Looking at the entries, say how many lines contain the string "below". Offer nothing besides the number.

:: Input material

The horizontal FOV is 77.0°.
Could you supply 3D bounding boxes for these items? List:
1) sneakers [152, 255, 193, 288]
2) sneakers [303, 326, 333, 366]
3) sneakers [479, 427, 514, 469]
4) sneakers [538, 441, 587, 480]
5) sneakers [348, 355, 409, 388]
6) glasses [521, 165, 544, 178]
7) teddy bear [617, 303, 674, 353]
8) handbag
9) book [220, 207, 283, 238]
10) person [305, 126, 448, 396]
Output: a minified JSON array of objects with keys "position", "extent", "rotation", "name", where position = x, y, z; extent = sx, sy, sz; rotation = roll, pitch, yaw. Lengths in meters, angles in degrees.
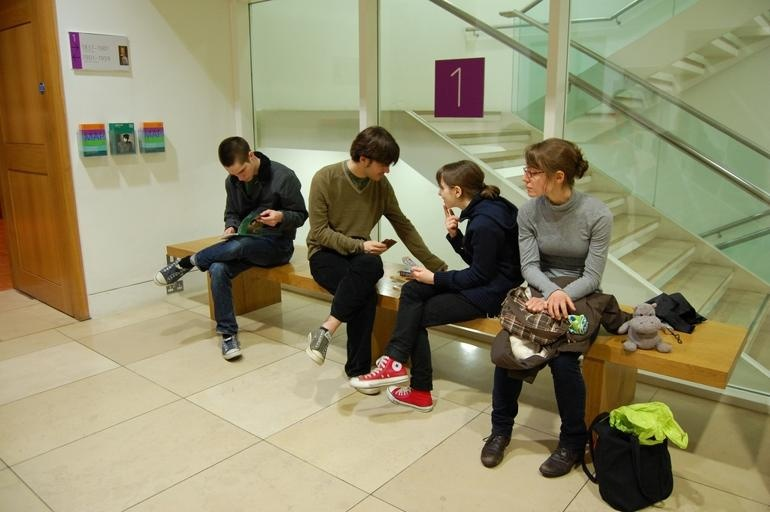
[{"position":[-1.844,0.121,4.176],"extent":[0.386,0.129,0.149],"rotation":[-30,6,-8],"name":"sneakers"},{"position":[-0.422,0.560,3.097],"extent":[0.129,0.099,0.293],"rotation":[-34,23,-1],"name":"sneakers"},{"position":[0.588,1.057,2.649],"extent":[0.092,0.095,0.251],"rotation":[11,4,25],"name":"sneakers"},{"position":[0.940,1.075,2.626],"extent":[0.321,0.127,0.114],"rotation":[-8,7,-35],"name":"sneakers"},{"position":[-0.097,0.723,3.081],"extent":[0.456,0.241,0.148],"rotation":[-3,4,-5],"name":"sneakers"},{"position":[0.789,-0.475,2.701],"extent":[0.067,0.072,0.184],"rotation":[-5,18,-11],"name":"glasses"},{"position":[1.388,0.386,2.627],"extent":[0.296,0.233,0.212],"rotation":[1,10,16],"name":"teddy bear"},{"position":[0.765,0.335,2.621],"extent":[0.219,0.236,0.343],"rotation":[-13,22,-31],"name":"handbag"},{"position":[-1.035,-0.255,3.779],"extent":[0.388,0.246,0.184],"rotation":[-36,14,19],"name":"book"},{"position":[-0.196,-0.007,3.312],"extent":[1.014,1.721,0.912],"rotation":[11,16,41],"name":"person"}]
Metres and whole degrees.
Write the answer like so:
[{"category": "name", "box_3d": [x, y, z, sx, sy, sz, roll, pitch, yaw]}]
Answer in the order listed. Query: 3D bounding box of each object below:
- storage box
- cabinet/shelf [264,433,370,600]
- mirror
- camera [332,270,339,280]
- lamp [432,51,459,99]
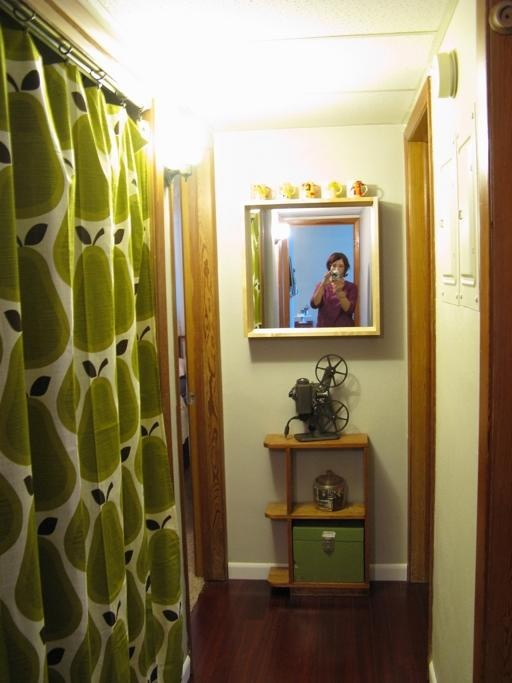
[{"category": "storage box", "box_3d": [0.353, 1.018, 2.699, 0.293, 0.399, 0.235, 0, 5, 5]}, {"category": "cabinet/shelf", "box_3d": [0.297, 1.060, 2.871, 0.551, 0.430, 0.945, 1, 29, 3]}, {"category": "mirror", "box_3d": [0.291, -0.389, 2.791, 0.445, 0.672, 0.046, -1, 5, 2]}, {"category": "camera", "box_3d": [0.393, -0.326, 2.798, 0.033, 0.067, 0.029, 0, -7, 5]}, {"category": "lamp", "box_3d": [0.536, -0.745, 1.615, 0.083, 0.131, 0.111, -2, 11, -1]}]
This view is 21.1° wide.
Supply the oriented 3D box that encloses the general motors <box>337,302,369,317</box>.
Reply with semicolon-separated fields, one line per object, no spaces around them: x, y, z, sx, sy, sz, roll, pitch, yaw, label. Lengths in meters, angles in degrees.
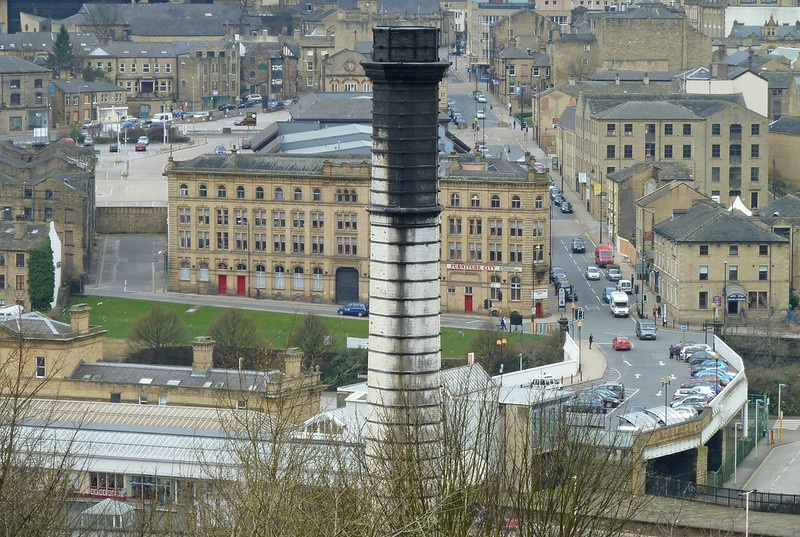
-4.395;3.682;197.591;2.517;0.953;1.396;5;8;12;general motors
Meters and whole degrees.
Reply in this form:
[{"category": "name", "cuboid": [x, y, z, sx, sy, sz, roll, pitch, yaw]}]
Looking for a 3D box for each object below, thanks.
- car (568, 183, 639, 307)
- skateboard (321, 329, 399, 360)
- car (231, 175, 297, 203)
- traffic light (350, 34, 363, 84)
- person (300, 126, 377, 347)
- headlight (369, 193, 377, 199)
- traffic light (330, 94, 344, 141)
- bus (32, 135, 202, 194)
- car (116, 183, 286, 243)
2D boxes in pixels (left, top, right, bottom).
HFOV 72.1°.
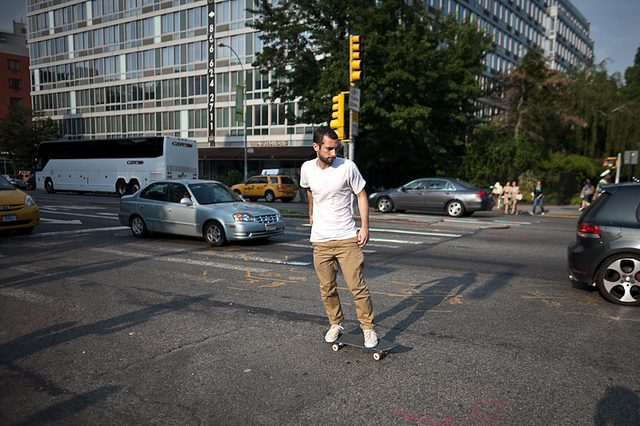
[{"category": "car", "cuboid": [4.982, 0.540, 7.568, 0.931, 1.885, 0.603, 6, 12, 30]}, {"category": "skateboard", "cuboid": [0.560, 1.727, 5.895, 1.267, 0.240, 0.317, 3, 13, 27]}, {"category": "car", "cuboid": [-3.736, -1.597, 29.930, 3.884, 1.846, 1.956, 7, 9, 29]}, {"category": "traffic light", "cuboid": [1.093, -4.738, 13.380, 0.343, 1.290, 0.405, 1, 10, 5]}, {"category": "person", "cuboid": [0.243, 0.345, 5.909, 1.102, 2.924, 0.361, 5, 11, 23]}, {"category": "headlight", "cuboid": [2.645, -0.845, 22.067, 0.337, 0.316, 0.575, 2, 11, 6]}, {"category": "traffic light", "cuboid": [0.591, -3.328, 15.381, 0.437, 1.568, 1.185, 0, 10, 1]}, {"category": "bus", "cuboid": [-16.727, -3.652, 34.603, 14.047, 4.530, 3.685, 3, 5, 22]}, {"category": "car", "cuboid": [-3.528, 0.027, 12.676, 4.126, 1.435, 1.957, 2, 3, 28]}]

::::

Result of this exercise — 2